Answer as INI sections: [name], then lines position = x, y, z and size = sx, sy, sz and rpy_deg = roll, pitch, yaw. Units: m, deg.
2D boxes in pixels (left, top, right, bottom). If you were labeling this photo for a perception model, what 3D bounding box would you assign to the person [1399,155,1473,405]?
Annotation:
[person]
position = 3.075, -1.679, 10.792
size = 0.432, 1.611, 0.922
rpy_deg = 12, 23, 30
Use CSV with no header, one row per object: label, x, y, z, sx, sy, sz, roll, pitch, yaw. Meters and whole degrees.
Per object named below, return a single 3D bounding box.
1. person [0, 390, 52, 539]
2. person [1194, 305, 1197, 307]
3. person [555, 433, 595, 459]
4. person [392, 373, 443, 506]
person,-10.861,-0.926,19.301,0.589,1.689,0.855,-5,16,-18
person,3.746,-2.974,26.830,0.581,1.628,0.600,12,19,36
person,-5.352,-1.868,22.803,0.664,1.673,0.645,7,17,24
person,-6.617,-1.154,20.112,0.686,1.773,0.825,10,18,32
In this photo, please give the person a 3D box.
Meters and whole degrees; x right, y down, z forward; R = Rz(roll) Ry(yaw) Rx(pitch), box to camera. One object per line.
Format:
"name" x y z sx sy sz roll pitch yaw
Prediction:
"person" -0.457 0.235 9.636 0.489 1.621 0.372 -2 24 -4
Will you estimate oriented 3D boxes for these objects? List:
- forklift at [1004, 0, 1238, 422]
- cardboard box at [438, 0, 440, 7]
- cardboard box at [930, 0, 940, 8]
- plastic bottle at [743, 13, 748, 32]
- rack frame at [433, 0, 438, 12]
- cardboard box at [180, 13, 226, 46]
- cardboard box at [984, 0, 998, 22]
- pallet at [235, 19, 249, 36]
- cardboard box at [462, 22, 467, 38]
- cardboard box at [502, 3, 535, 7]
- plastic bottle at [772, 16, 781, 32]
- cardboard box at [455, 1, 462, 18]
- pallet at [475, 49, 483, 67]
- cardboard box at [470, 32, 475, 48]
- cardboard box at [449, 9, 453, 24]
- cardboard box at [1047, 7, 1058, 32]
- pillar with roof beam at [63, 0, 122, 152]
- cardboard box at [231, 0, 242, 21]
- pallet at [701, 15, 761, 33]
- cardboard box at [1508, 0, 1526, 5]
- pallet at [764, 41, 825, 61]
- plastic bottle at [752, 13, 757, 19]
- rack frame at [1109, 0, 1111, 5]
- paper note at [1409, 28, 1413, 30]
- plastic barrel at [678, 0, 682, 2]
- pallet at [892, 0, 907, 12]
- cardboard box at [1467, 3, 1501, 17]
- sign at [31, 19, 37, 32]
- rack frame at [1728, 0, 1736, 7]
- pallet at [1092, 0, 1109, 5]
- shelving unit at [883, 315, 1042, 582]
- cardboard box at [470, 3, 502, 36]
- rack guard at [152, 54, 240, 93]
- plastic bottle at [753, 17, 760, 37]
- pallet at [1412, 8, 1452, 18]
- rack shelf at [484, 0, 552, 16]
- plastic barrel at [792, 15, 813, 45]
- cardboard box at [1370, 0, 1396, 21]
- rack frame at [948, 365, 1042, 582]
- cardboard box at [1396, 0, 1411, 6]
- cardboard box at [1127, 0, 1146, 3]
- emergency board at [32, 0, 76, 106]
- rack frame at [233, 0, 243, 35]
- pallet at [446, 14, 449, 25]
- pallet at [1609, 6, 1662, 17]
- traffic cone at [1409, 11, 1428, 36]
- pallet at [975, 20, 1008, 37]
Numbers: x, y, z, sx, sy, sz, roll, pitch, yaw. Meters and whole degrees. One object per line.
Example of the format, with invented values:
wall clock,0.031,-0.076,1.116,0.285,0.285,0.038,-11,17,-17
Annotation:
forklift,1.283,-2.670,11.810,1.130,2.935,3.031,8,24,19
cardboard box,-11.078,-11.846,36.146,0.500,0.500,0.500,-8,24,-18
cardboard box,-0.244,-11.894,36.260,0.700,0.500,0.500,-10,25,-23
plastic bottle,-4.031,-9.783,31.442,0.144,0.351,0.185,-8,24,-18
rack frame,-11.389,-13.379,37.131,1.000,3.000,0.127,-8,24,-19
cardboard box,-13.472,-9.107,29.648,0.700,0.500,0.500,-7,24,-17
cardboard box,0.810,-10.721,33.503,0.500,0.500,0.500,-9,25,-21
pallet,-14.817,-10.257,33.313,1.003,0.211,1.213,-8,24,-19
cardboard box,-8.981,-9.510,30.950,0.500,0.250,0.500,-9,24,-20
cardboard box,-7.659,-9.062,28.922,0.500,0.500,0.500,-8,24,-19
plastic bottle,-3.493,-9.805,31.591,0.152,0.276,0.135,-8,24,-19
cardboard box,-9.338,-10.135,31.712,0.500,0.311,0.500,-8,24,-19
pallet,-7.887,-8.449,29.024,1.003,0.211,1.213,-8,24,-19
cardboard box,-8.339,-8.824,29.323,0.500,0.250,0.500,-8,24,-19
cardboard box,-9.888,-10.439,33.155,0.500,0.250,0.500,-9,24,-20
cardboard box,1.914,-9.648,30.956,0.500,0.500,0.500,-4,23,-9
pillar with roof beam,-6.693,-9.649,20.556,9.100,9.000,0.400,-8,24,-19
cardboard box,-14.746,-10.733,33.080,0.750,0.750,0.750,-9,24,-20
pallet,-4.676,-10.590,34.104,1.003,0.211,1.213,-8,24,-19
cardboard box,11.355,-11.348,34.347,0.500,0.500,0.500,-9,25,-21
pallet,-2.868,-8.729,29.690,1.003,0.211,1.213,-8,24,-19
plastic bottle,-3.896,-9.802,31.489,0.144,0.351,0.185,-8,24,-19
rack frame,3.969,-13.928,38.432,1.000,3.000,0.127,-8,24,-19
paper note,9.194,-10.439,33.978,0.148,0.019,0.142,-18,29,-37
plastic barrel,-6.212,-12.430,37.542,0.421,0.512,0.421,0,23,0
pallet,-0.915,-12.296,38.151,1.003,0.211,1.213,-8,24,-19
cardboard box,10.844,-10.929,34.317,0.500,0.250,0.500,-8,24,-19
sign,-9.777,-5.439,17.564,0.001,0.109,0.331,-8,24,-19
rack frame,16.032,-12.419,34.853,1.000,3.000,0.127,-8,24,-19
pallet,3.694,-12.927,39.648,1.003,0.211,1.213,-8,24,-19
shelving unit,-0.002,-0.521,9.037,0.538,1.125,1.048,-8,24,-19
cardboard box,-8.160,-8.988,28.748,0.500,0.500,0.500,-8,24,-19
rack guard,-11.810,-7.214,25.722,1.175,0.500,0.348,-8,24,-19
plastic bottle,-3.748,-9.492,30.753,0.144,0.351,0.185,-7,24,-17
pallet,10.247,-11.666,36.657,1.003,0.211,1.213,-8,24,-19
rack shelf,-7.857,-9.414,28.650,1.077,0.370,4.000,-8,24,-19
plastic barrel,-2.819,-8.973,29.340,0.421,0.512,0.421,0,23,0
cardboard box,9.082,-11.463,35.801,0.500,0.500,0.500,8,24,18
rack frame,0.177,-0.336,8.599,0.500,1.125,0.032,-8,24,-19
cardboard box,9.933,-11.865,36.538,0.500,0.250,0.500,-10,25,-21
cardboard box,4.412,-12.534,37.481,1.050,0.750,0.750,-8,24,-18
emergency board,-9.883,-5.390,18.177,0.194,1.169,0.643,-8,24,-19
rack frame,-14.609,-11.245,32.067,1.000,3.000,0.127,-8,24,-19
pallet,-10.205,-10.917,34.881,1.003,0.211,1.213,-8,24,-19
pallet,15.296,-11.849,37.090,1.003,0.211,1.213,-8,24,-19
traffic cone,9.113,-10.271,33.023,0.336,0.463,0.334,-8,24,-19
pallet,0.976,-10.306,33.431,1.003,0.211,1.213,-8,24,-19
☆ ☆ ☆
Task instructions:
Find "- rack frame at [433, 0, 438, 12]" in the entries above and copy that whole line exactly, then each line after it through the line that contains "- shelving unit at [883, 315, 1042, 582]".

Response for this exercise:
- rack frame at [433, 0, 438, 12]
- cardboard box at [180, 13, 226, 46]
- cardboard box at [984, 0, 998, 22]
- pallet at [235, 19, 249, 36]
- cardboard box at [462, 22, 467, 38]
- cardboard box at [502, 3, 535, 7]
- plastic bottle at [772, 16, 781, 32]
- cardboard box at [455, 1, 462, 18]
- pallet at [475, 49, 483, 67]
- cardboard box at [470, 32, 475, 48]
- cardboard box at [449, 9, 453, 24]
- cardboard box at [1047, 7, 1058, 32]
- pillar with roof beam at [63, 0, 122, 152]
- cardboard box at [231, 0, 242, 21]
- pallet at [701, 15, 761, 33]
- cardboard box at [1508, 0, 1526, 5]
- pallet at [764, 41, 825, 61]
- plastic bottle at [752, 13, 757, 19]
- rack frame at [1109, 0, 1111, 5]
- paper note at [1409, 28, 1413, 30]
- plastic barrel at [678, 0, 682, 2]
- pallet at [892, 0, 907, 12]
- cardboard box at [1467, 3, 1501, 17]
- sign at [31, 19, 37, 32]
- rack frame at [1728, 0, 1736, 7]
- pallet at [1092, 0, 1109, 5]
- shelving unit at [883, 315, 1042, 582]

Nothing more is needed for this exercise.